Re: Sending CQE to a different ring

Artyom Pavlov <newpavlov@xxxxxxxxx> · Thu, 10 Mar 2022 06:48:16 +0300

OK, so what you're asking is to be able to submit an sqe to ring1, but
have the completion show up in ring2? With the idea being that the rings
are setup so that you're basing this on which thread should ultimately
process the request when it completes, which is why you want it to
target another ring?

Yes, to both questions.

1) It's a fast path code addition to every request, we'd need to check
    some new field (sqe->completion_ring_fd) and then also grab a
    reference to that file for use at completion time.

Since migration of tasks will be relatively rare, the relevant branch 
could be marked as cold and such branch should be relatively easy for 
CPU branch predictor. So I don't think we will see a measurable 
performance regression for the common case.

2) Completions are protected by the completion lock, and it isn't
    trivial to nest these. What happens if ring1 submits an sqe with
    ring2 as the cqe target, and ring2 submits an sqe with ring1 as the
    cqe target? We can't safely nest these, as we could easily introduce
    deadlocks that way.

I thought a better approach will be to copy SQE from ring1 into ring2 
internal buffer and execute it as usual (IIUC kernel copies SQEs first 
before processing them). I am not familiar with internals of io-uring 
implementation, so I can not give any practical proposals.

My knee jerk reaction is that it'd be both simpler and cheaper to
implement this in userspace... Unless there's an elegant solution to it,
which I don't immediately see.

Yes, as I said in the initial post, it's certainly possible to do it in 
user-space. But I think it's a quite common problem, so it could warrant 
including a built-in solution into io-uring API. Also it could be a bit 
more efficient to do in kernel space, e.g. you would not need mutexes, 
which in the worst case may involve parking and unparking threads, thus 
stalling event loop.

> The submitting task is the owner of the request, and will ultimately
> be the one that ends up running eg task_work associated with the
> request. It's not really a good way to shift work from one ring to
> another, if the setup is such that the rings are tied to a thread and
> the threads are in turn mostly tied to a CPU or group of CPUs.
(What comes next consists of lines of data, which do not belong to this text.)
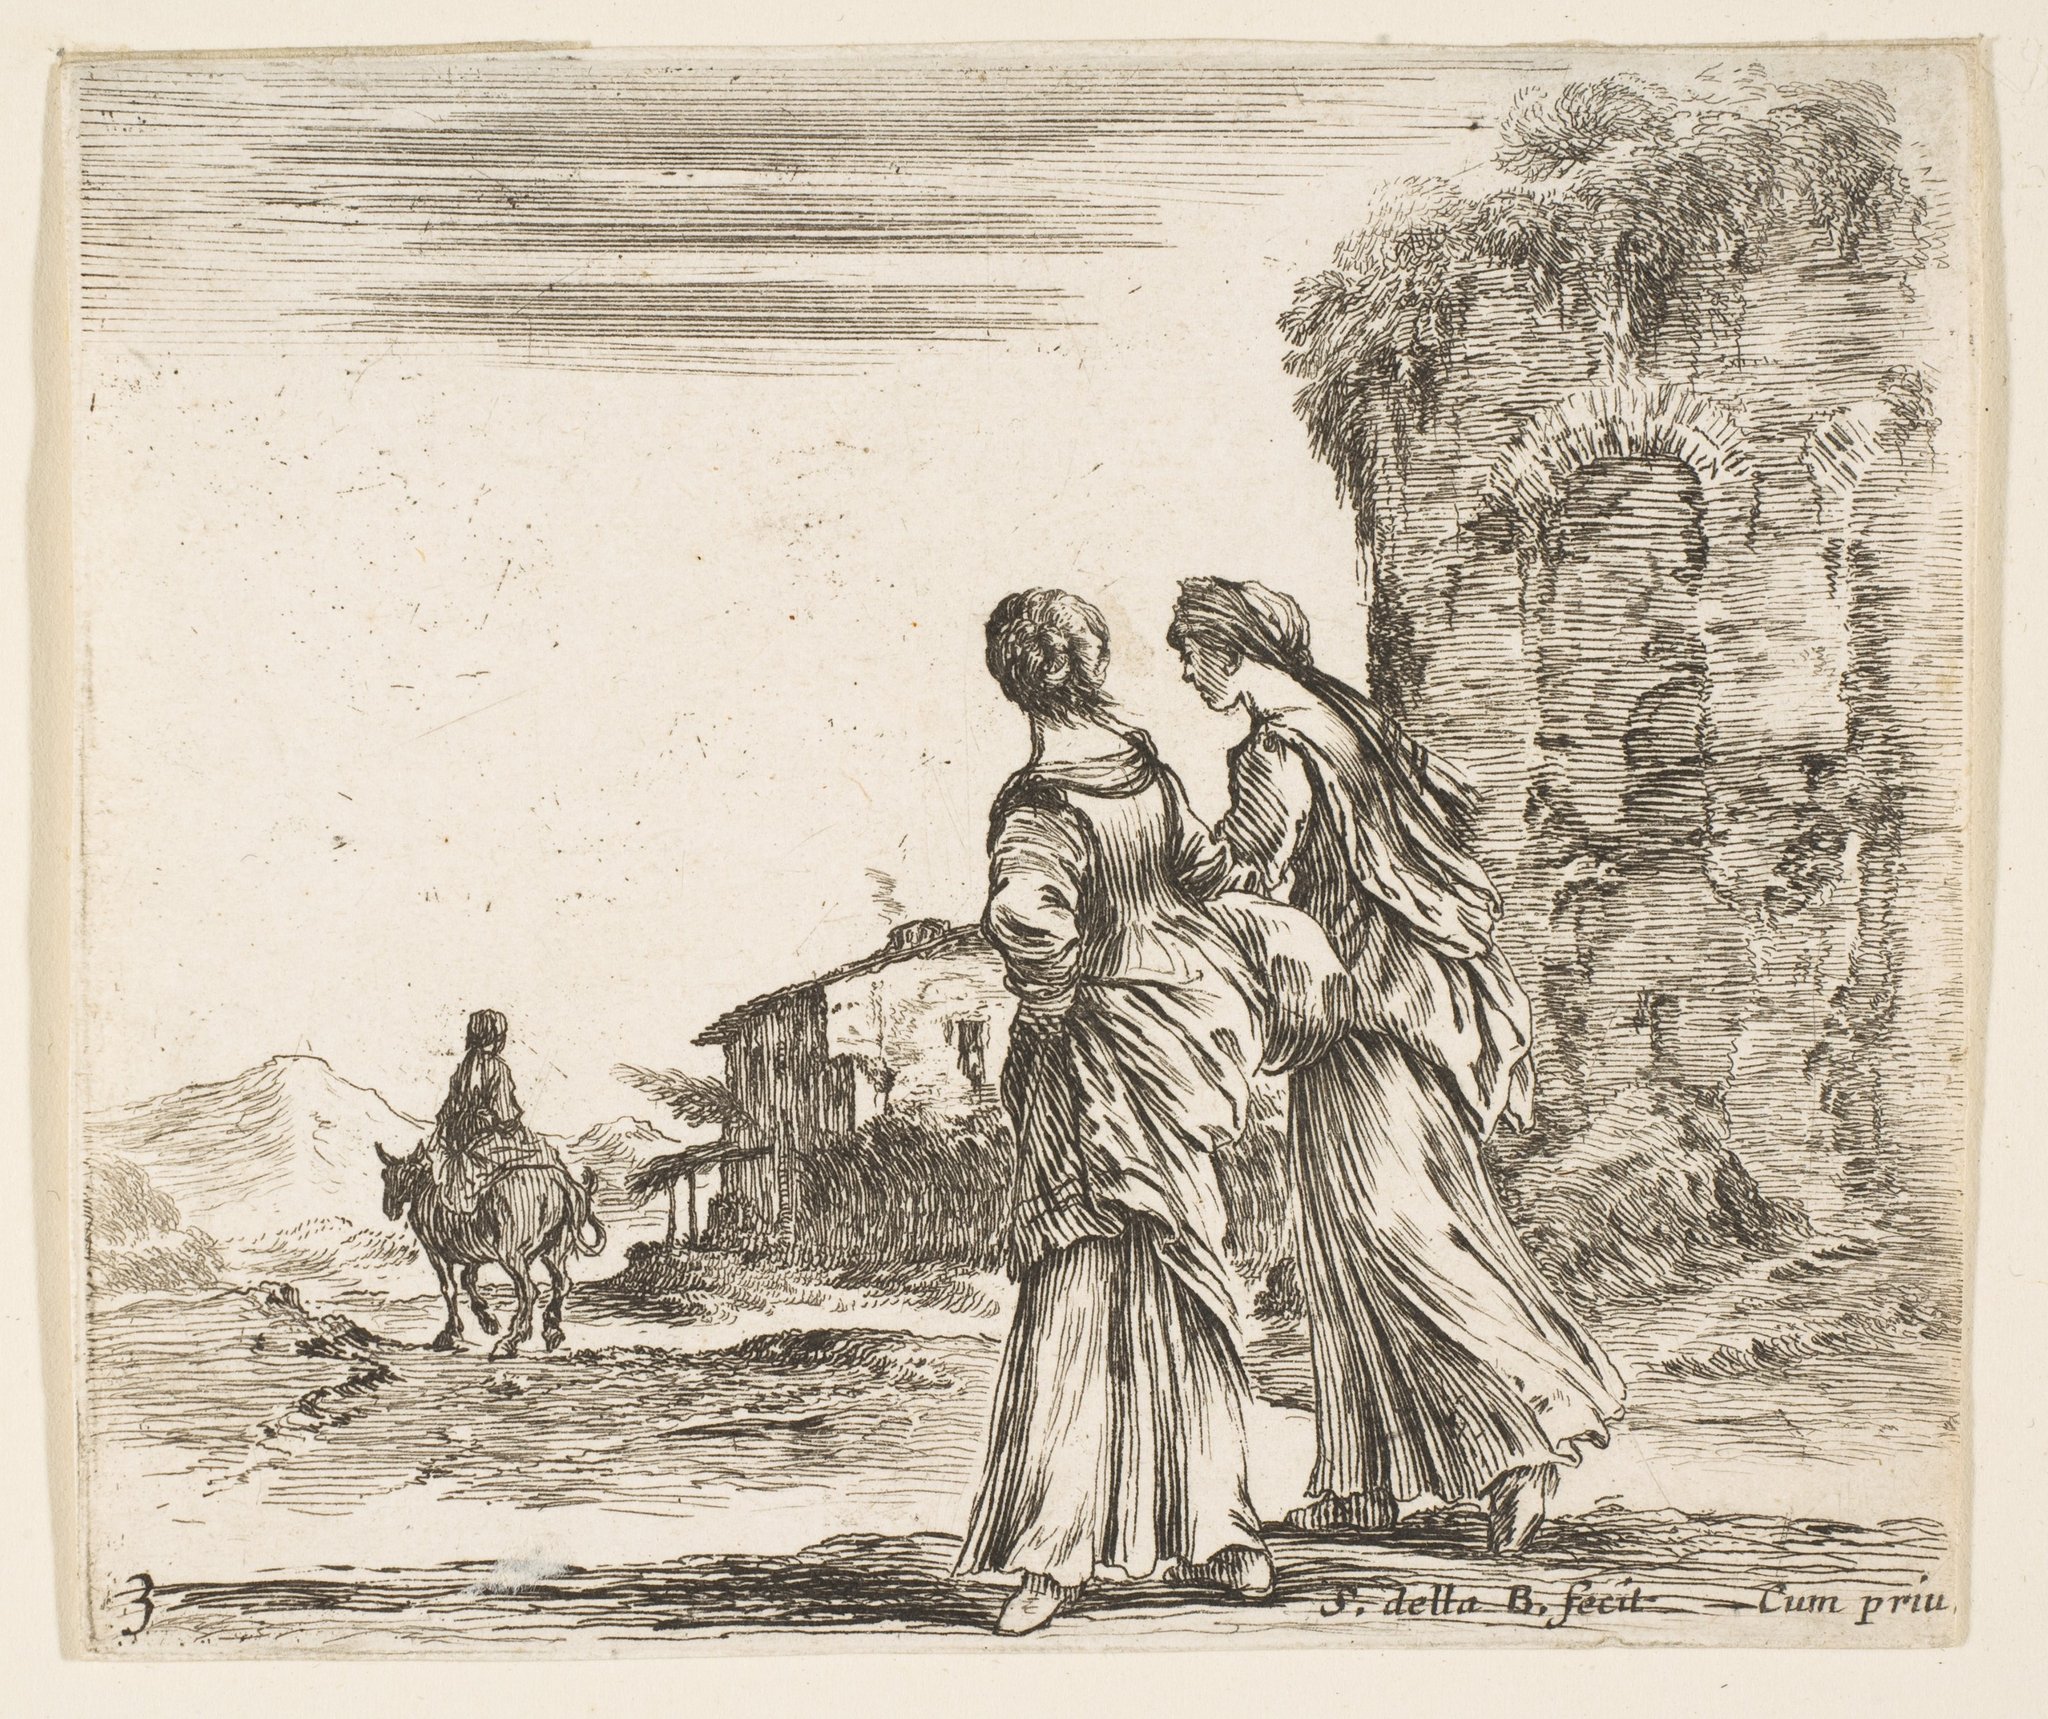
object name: print
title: Two girls walking towards the left, seen from behind, a woman on a horse to left in background, plate 3 from "Diversi capricci"
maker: stefano della bella
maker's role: artist
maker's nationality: italian
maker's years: 1610-1664
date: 1644-1647
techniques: etching
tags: girls,women,horses
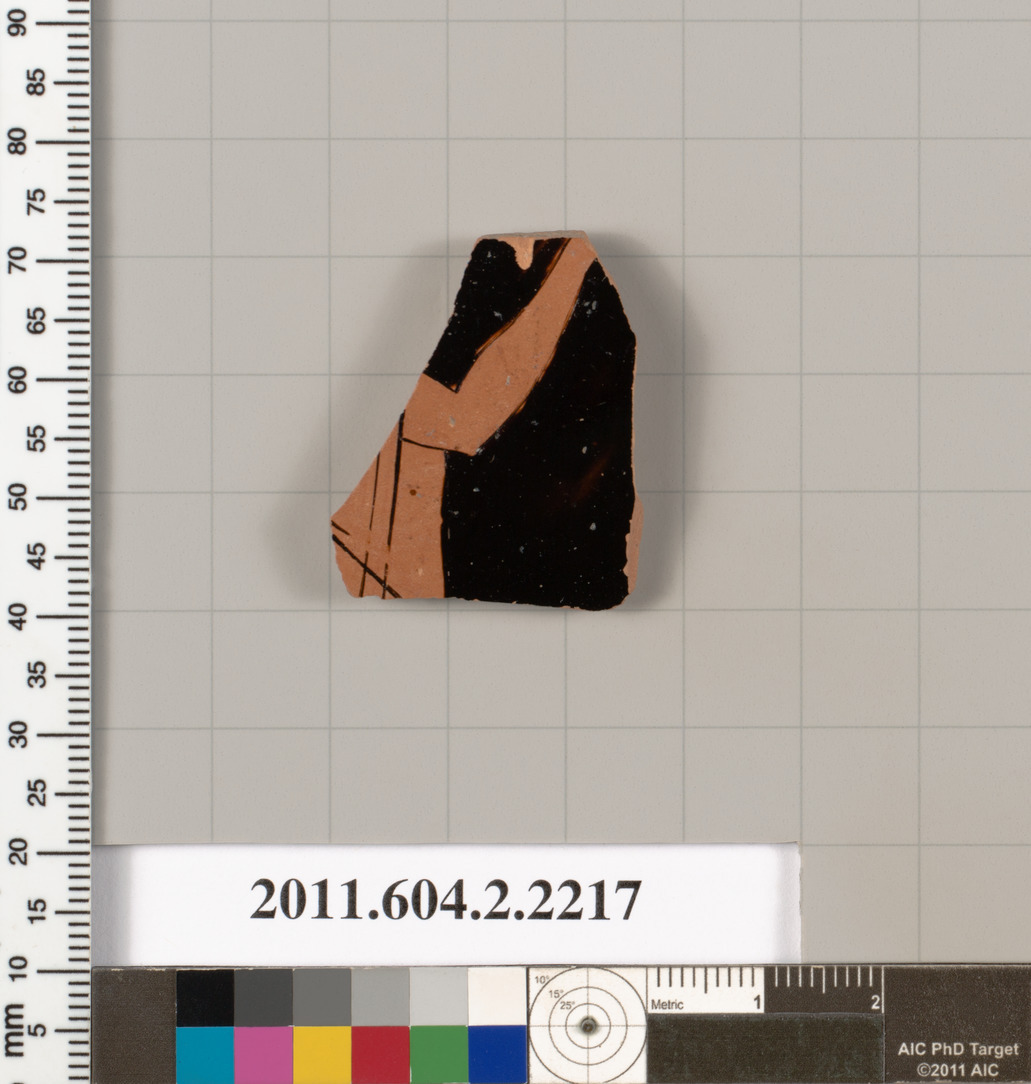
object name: pot fragment
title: Terracotta fragment of a pot; unglazed on the inside
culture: greek, attic
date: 475-451 BCE
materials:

I am not sure I understand your point here. In my understanding, the 
common approach for using io-uring is to keep in user_data a pointer to 
FSM (Finite State Machine) state together with pointer to a function 
used to drive FSM further after CQE is received (alternatively, instead 
of the function pointer a jump table could be used).

Usually, it does not matter much on which thread FSM will be driven 
since FSM state is kept on the heap. Yes, it may not be great from CPU 
cache point of view, but it's better than having unbalanced thread load.